Below is a set of entries. Reproduce exactly the lines from the one containing "POSTGRES_HOST: localhost" through the end, both included.
--- Dataset entries ---
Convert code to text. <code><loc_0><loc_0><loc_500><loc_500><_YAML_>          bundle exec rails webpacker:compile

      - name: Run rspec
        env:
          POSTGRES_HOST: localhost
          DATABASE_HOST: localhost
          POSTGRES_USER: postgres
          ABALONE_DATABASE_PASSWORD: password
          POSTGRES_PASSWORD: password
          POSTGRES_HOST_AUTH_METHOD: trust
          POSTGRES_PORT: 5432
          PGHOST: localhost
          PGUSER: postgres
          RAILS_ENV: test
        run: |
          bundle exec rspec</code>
---
▶ **Result below**:
          POSTGRES_HOST: localhost
          DATABASE_HOST: localhost
          POSTGRES_USER: postgres
          ABALONE_DATABASE_PASSWORD: password
          POSTGRES_PASSWORD: password
          POSTGRES_HOST_AUTH_METHOD: trust
          POSTGRES_PORT: 5432
          PGHOST: localhost
          PGUSER: postgres
          RAILS_ENV: test
        run: |
          bundle exec rspec</code>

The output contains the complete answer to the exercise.